Limitations & Future Work

  • The Token Decoder occasionally produces imprecise mask localization—particularly when adding objects, the mask region is smaller than expected, as the underlying IP2P diffusion model is not optimized for masked editing.
  • The editing capability of the base diffusion model (Stable Diffusion) imposes an upper bound on overall performance.
  • Training data relies on ChatGPT-4V to generate non-executable instructions, which may introduce biases.
  • Validation is limited to the IP2P framework; integration with more recent editing frameworks (e.g., FLUX-based editors) has not been explored.
  • The context-aware evaluation dataset is relatively small in scale (approximately 2,600 samples).
  • FoI: The strongest competitor, using cross-attention for multi-instruction editing, but dependent on GPT for keyword extraction and prone to attention map misalignment.

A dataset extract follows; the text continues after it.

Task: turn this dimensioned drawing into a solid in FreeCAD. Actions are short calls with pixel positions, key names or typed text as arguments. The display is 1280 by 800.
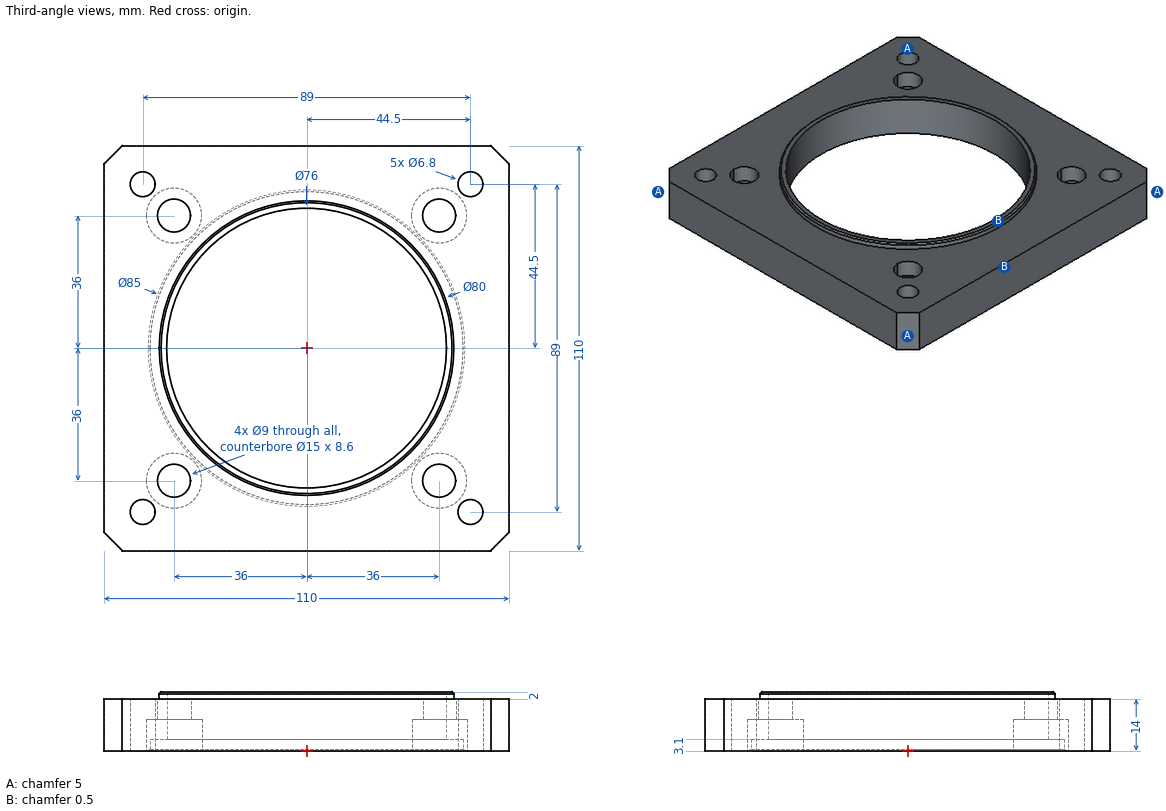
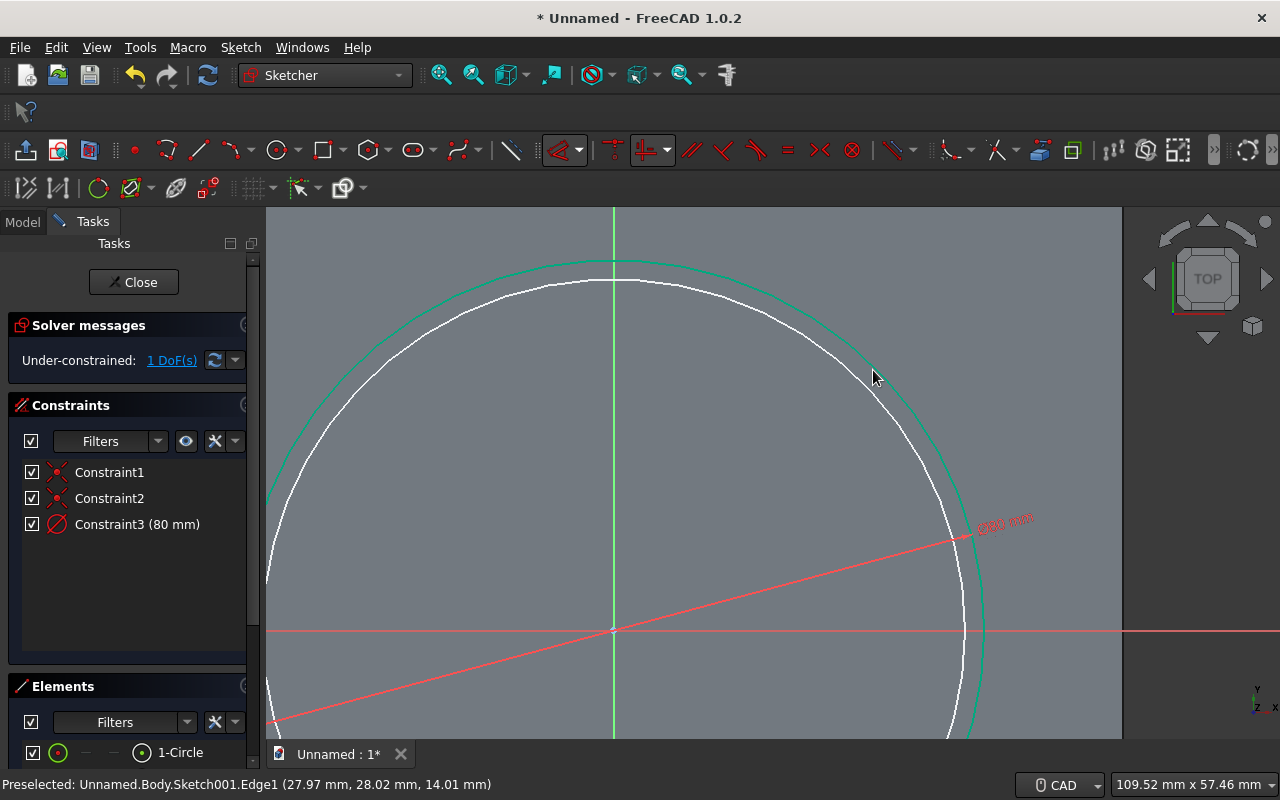
click(861, 381)
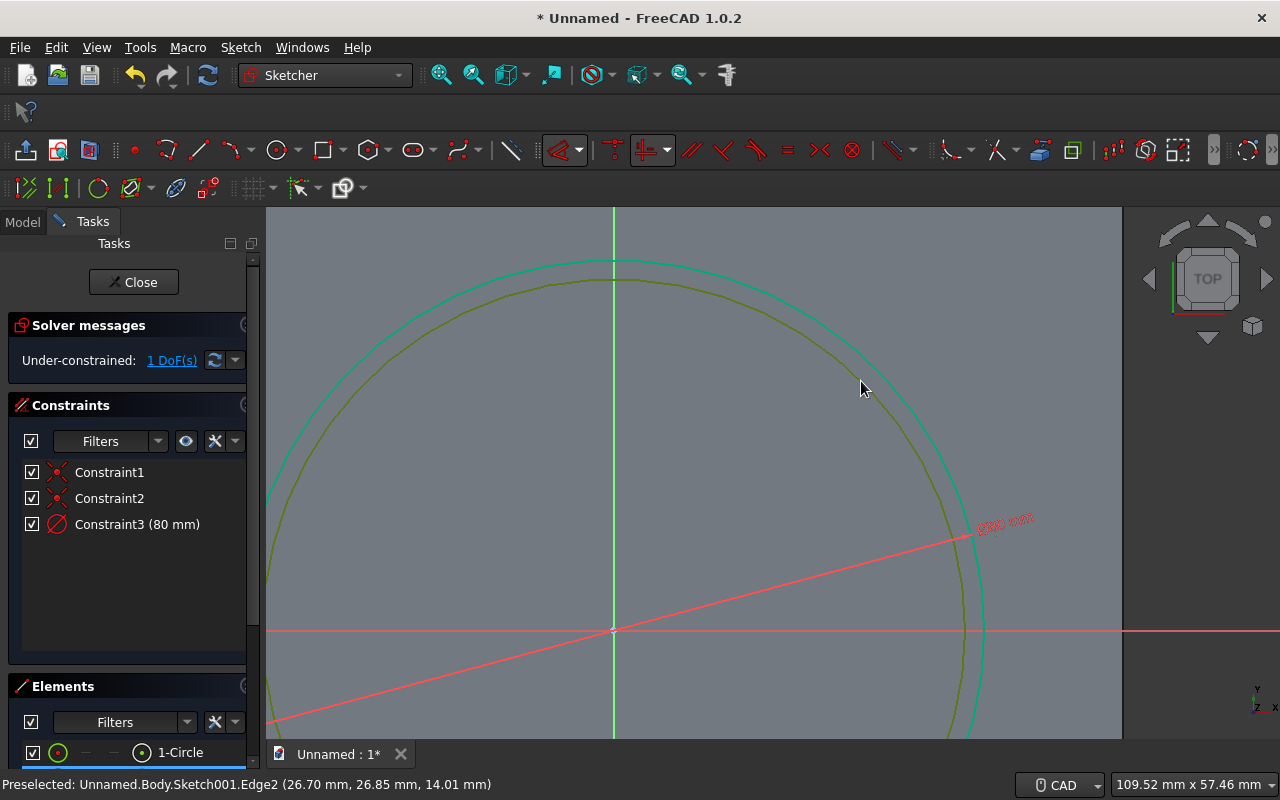
click(582, 150)

  • SmartEdit: Uses an MLLM to enhance instruction understanding, but lacks context-awareness and treats all instructions equally.

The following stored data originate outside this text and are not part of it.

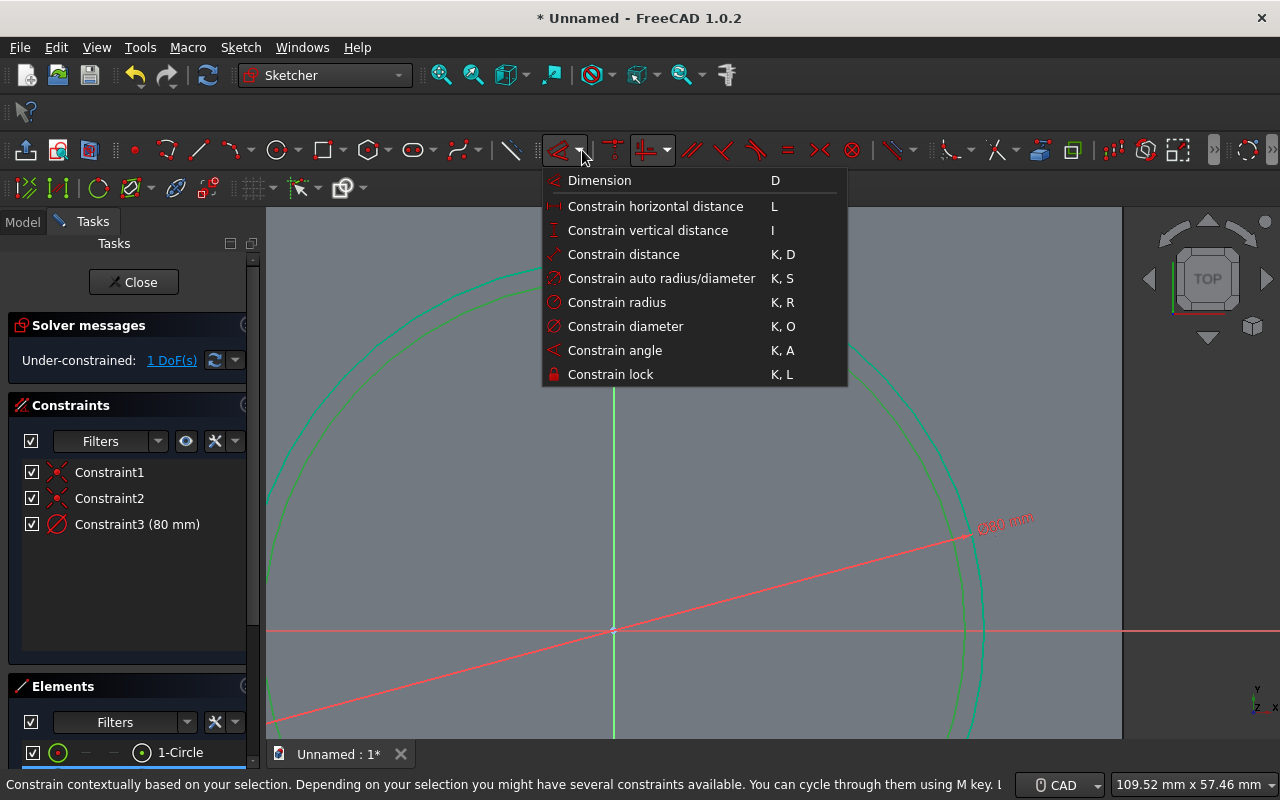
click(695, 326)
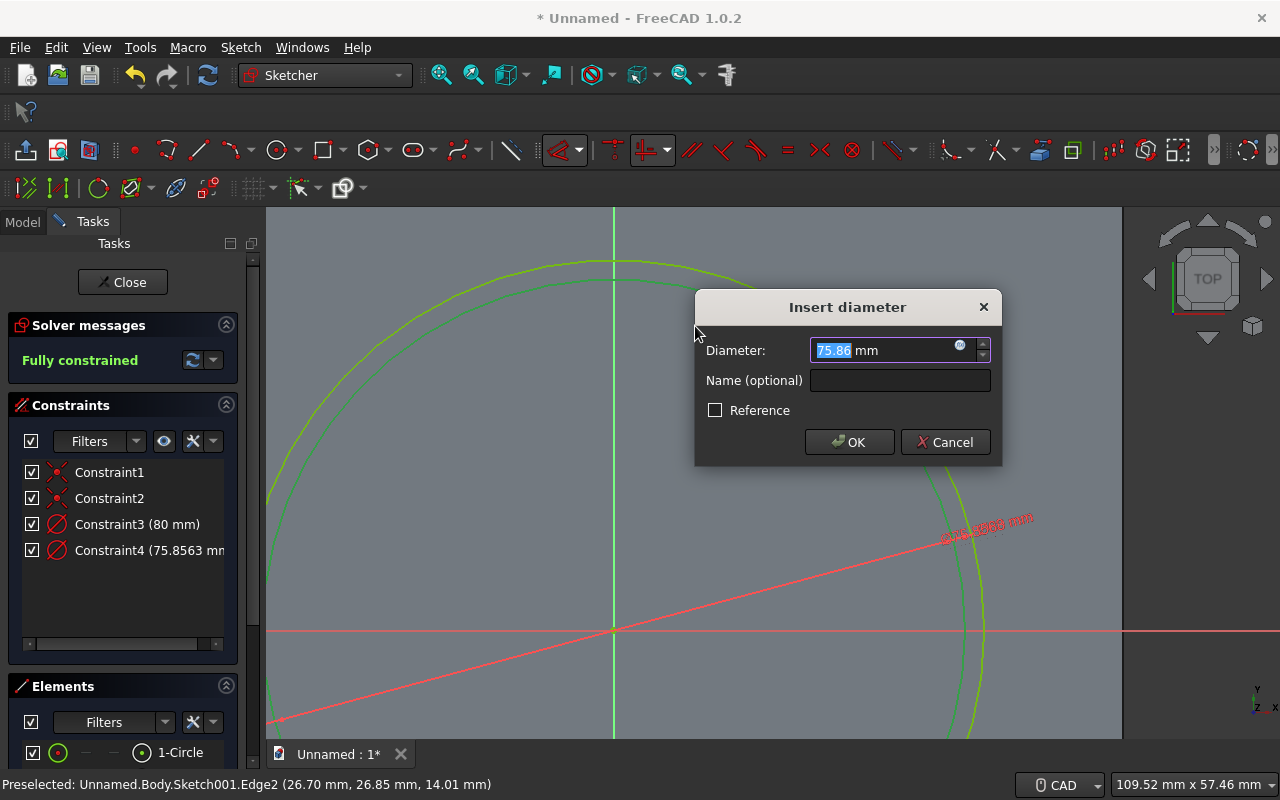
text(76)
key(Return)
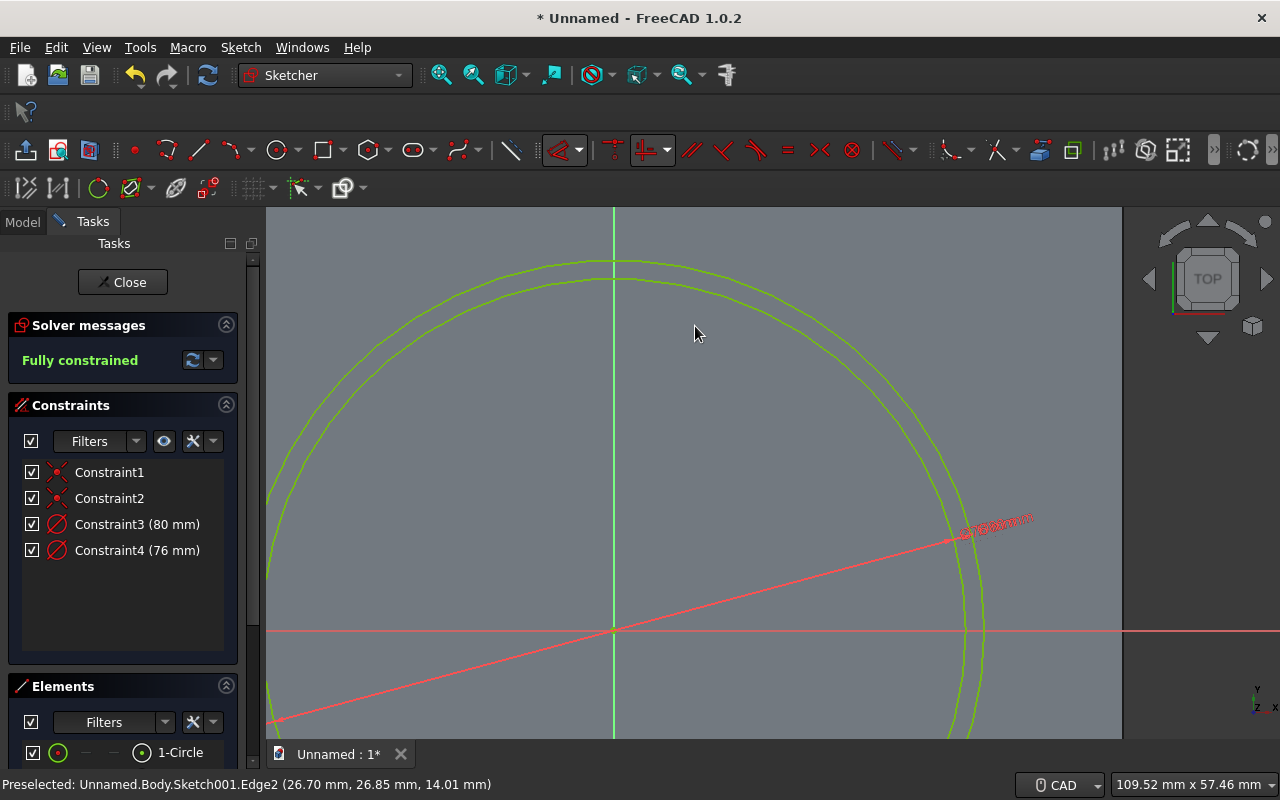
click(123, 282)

  • LISA / GSVA: The [SEG] token design in referring segmentation MLLMs inspired CAMILA's [MASK]/[NEG] scheme.
  • Core insight: editing models should not blindly comply with all instructions—the ability to "refuse" unreasonable operations is itself a manifestation of intelligence.

Rating

⭐⭐⭐⭐ — The newly defined task (context-aware editing) addresses a genuine practical need, the [MASK]/[NEG] design is concise and effective, and CAMILA substantially outperforms FoI in multi-instruction scenarios. Drawbacks include reliance on the relatively dated IP2P framework and room for improvement in mask precision.